Disclaimer: Pricing and resource limits in Azure Cosmos DB can change over time. Always verify the latest information directly with Azure documentation before making provisioning decisions.
Frequently Asked Questions
What is a Request Unit in Azure Cosmos DB?
A Request Unit (RU) is the abstraction Cosmos DB uses to represent the compute, memory, and IOPS cost of a single operation. Every read, write, or query consumes a measurable number of RUs based on document size, indexing overhead, and query complexity.
How do I know if my Cosmos DB container is being throttled?

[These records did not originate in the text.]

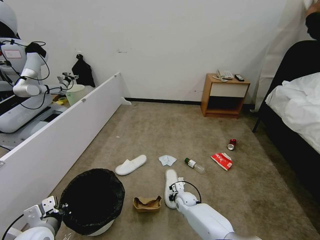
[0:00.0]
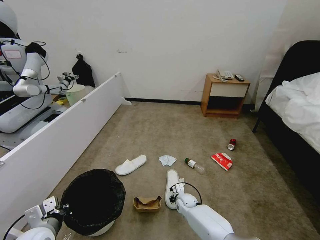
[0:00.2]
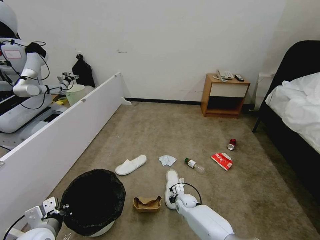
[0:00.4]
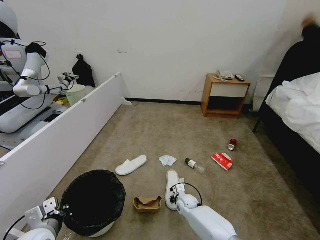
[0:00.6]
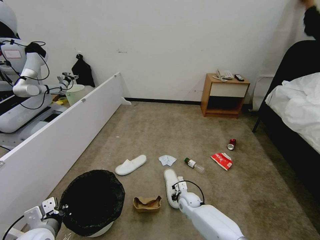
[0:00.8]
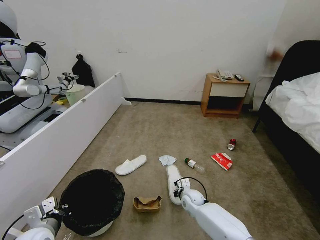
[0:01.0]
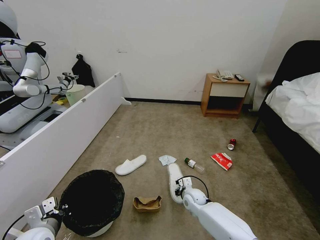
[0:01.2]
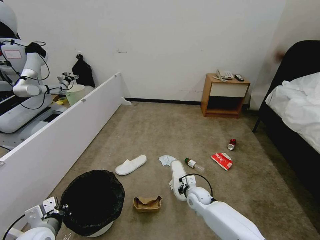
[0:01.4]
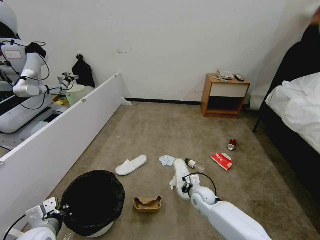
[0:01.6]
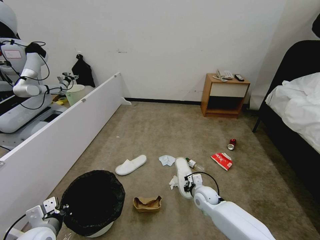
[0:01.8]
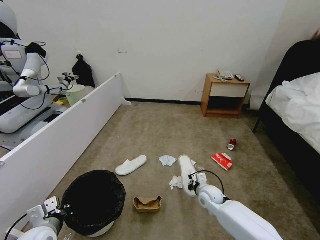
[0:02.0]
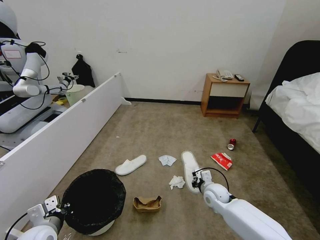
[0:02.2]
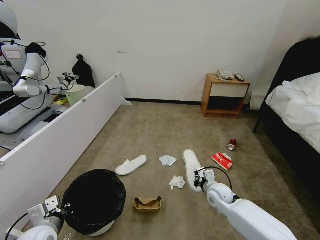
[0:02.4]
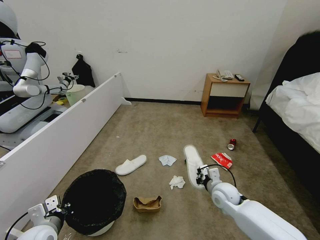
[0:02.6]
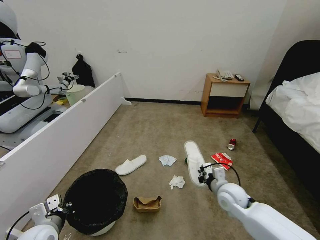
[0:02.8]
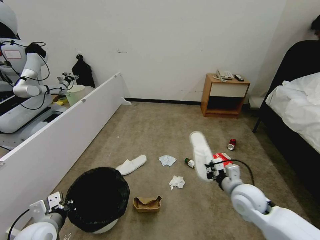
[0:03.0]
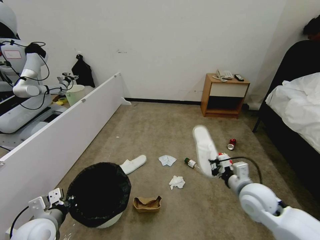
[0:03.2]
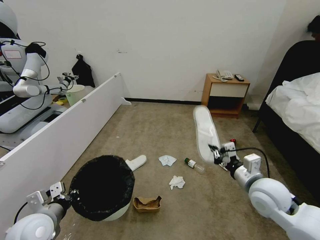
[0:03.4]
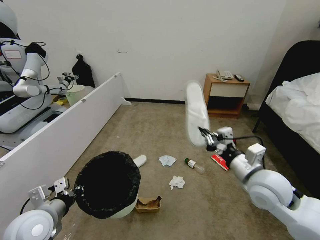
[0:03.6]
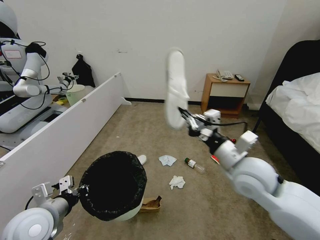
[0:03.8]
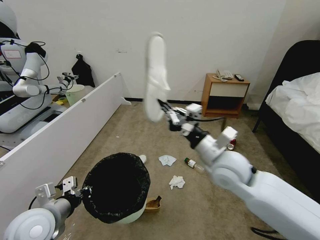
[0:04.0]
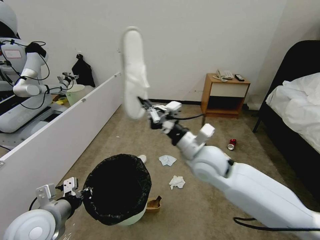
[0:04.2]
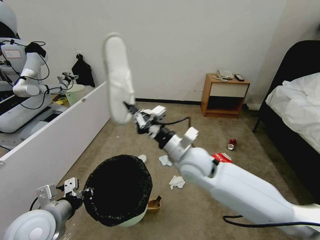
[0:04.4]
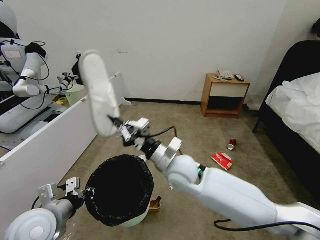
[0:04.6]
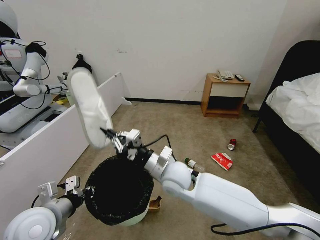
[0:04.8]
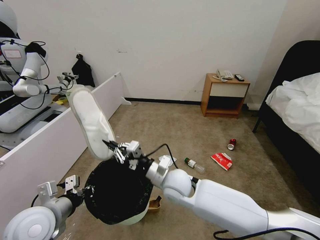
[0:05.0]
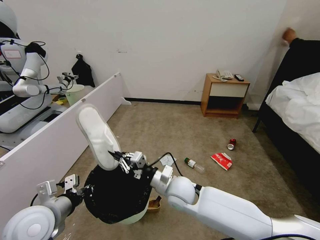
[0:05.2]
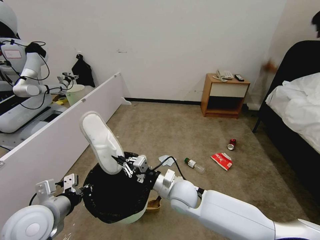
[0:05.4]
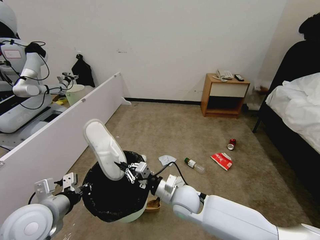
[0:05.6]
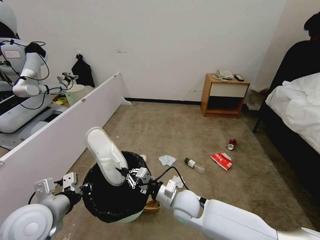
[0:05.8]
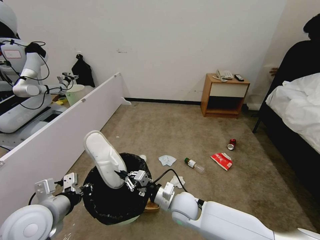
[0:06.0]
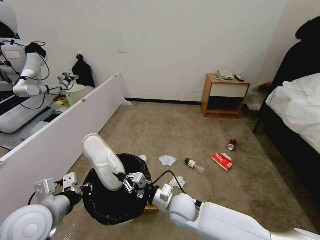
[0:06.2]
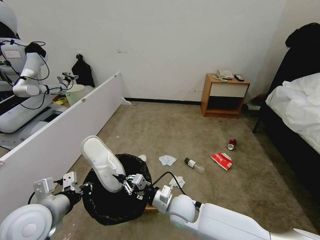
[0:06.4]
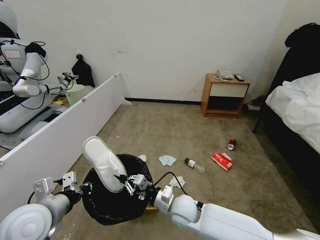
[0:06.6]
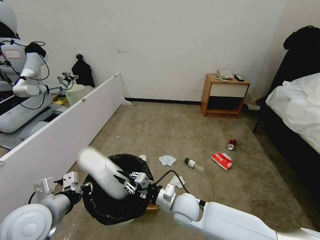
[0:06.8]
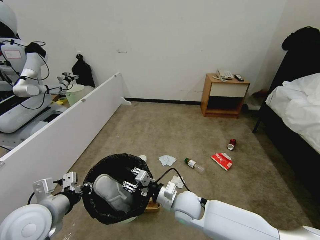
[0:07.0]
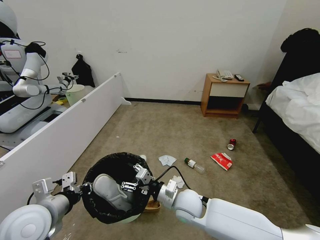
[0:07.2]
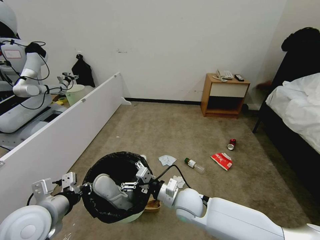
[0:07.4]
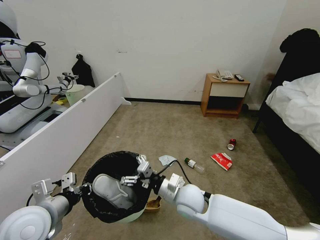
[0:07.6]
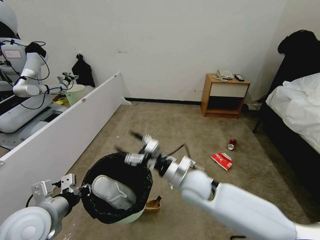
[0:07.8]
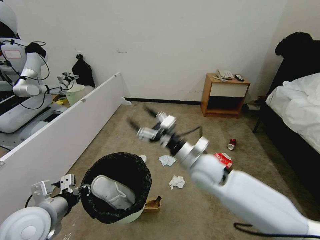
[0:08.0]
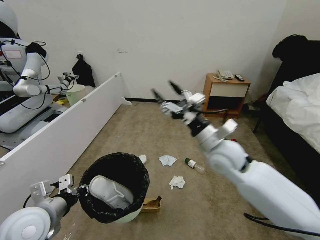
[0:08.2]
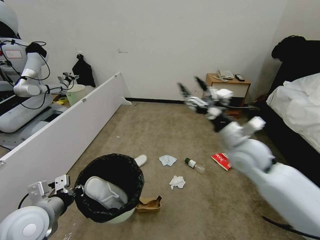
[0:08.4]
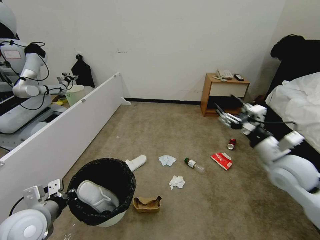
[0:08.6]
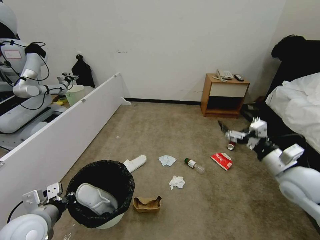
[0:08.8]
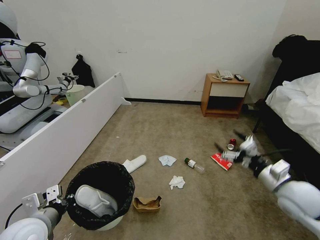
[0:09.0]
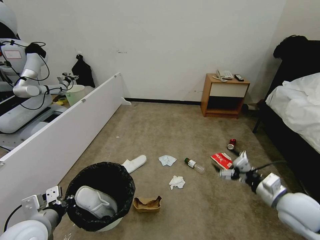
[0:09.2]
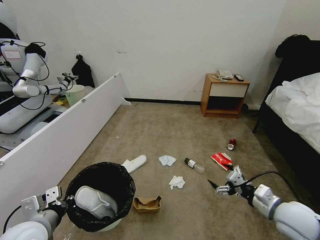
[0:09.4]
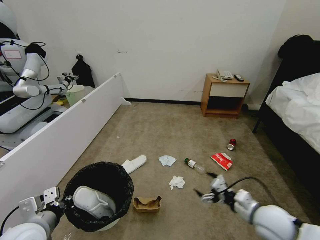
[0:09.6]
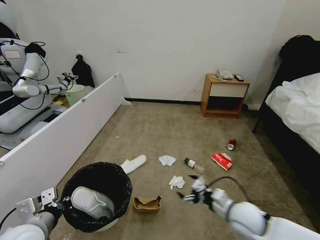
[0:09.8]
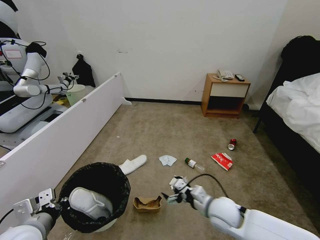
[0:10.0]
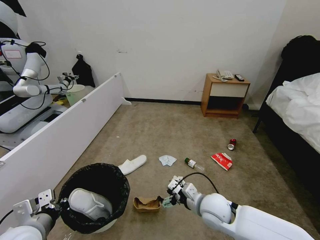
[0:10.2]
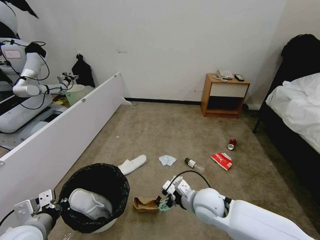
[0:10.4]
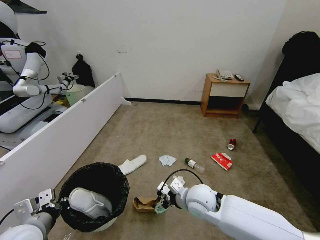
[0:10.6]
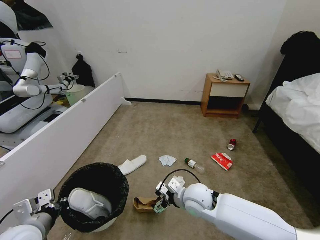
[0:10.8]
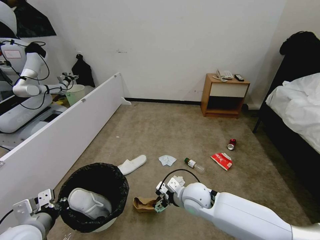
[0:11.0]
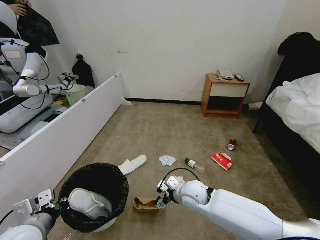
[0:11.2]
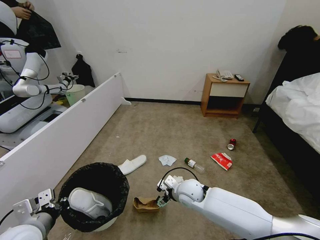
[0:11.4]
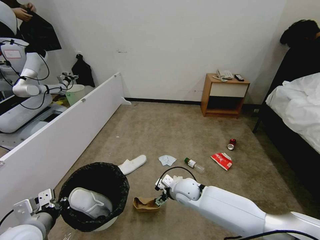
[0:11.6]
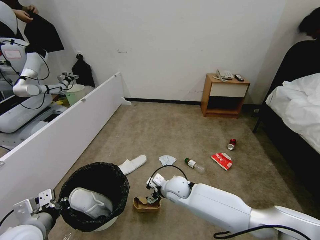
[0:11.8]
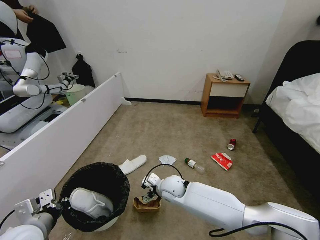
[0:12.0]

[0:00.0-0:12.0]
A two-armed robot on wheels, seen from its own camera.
Task of the whole recording: Pick up the trash bin, then pick up the garbage from the floor and place it into the trash bin.
0:00.0 to 0:01.6: The right gripper is displaced upward and to the right by some 10 cm.
0:01.6 to 0:03.0: The right gripper shifts approximately 20 cm upward, to the right and backward.
0:03.0 to 0:04.4: The left gripper shifts about 10 cm upward; the right gripper goes roughly 20 cm to the left and upward.
0:04.4 to 0:06.0: The right gripper moves downward, roughly 20 cm.
0:06.0 to 0:07.6: The right gripper moves roughly 5 cm, and opens.
0:07.6 to 0:09.0: The left gripper ends up about 5 cm from where it was, while the right gripper moves to the right, some 30 cm.
0:09.0 to 0:10.4: The right gripper shifts roughly 25 cm to the left.
0:10.4 to 0:12.0: The right gripper heads to the left, forward and downward, covering about 15 cm.

Use Azure Monitor to check the Total Requests by Status Code metric filtered for StatusCode equals 429. If 429 responses represent more than 5% of total requests, your workload is being throttled consistently.
What is the difference between Normalized RU Consumption and Total Request Units?
Total Request Units is the sum of all RUs consumed across all requests. Normalized RU Consumption is a percentage showing how much of your provisioned RU/s you used in each second. A value of 100% means you hit your provisioned limit.
How do I find which partition key is consuming the most RUs?
Use the diagnostic log query in Step 5 to sum request charges by partition key. If one partition key consumes significantly more RUs than others, that is your hot partition. Redesign your partition key to distribute load more evenly.
Should I use autoscale or manual throughput provisioning?
Autoscale is better for workloads with unpredictable or spiky traffic because it adjusts RU/s dynamically and you only pay for what you use. Manual throughput is better for steady, predictable workloads where you want full control over provisioning.
What is a hot partition and why does it cause throttling?
A hot partition occurs when one logical partition key consumes most of your RU/s. Cosmos DB distributes provisioned throughput evenly across physical partitions, so a single partition can only use its share. If one partition is overloaded, it will throttle even if the overall account has unused capacity.
How do I reduce RU consumption on read-heavy workloads?
Use indexed queries, reduce document size by projecting only needed fields, avoid cross-partition queries, and add composite indexes for common query patterns. Large unindexed queries consume hundreds of RUs per request.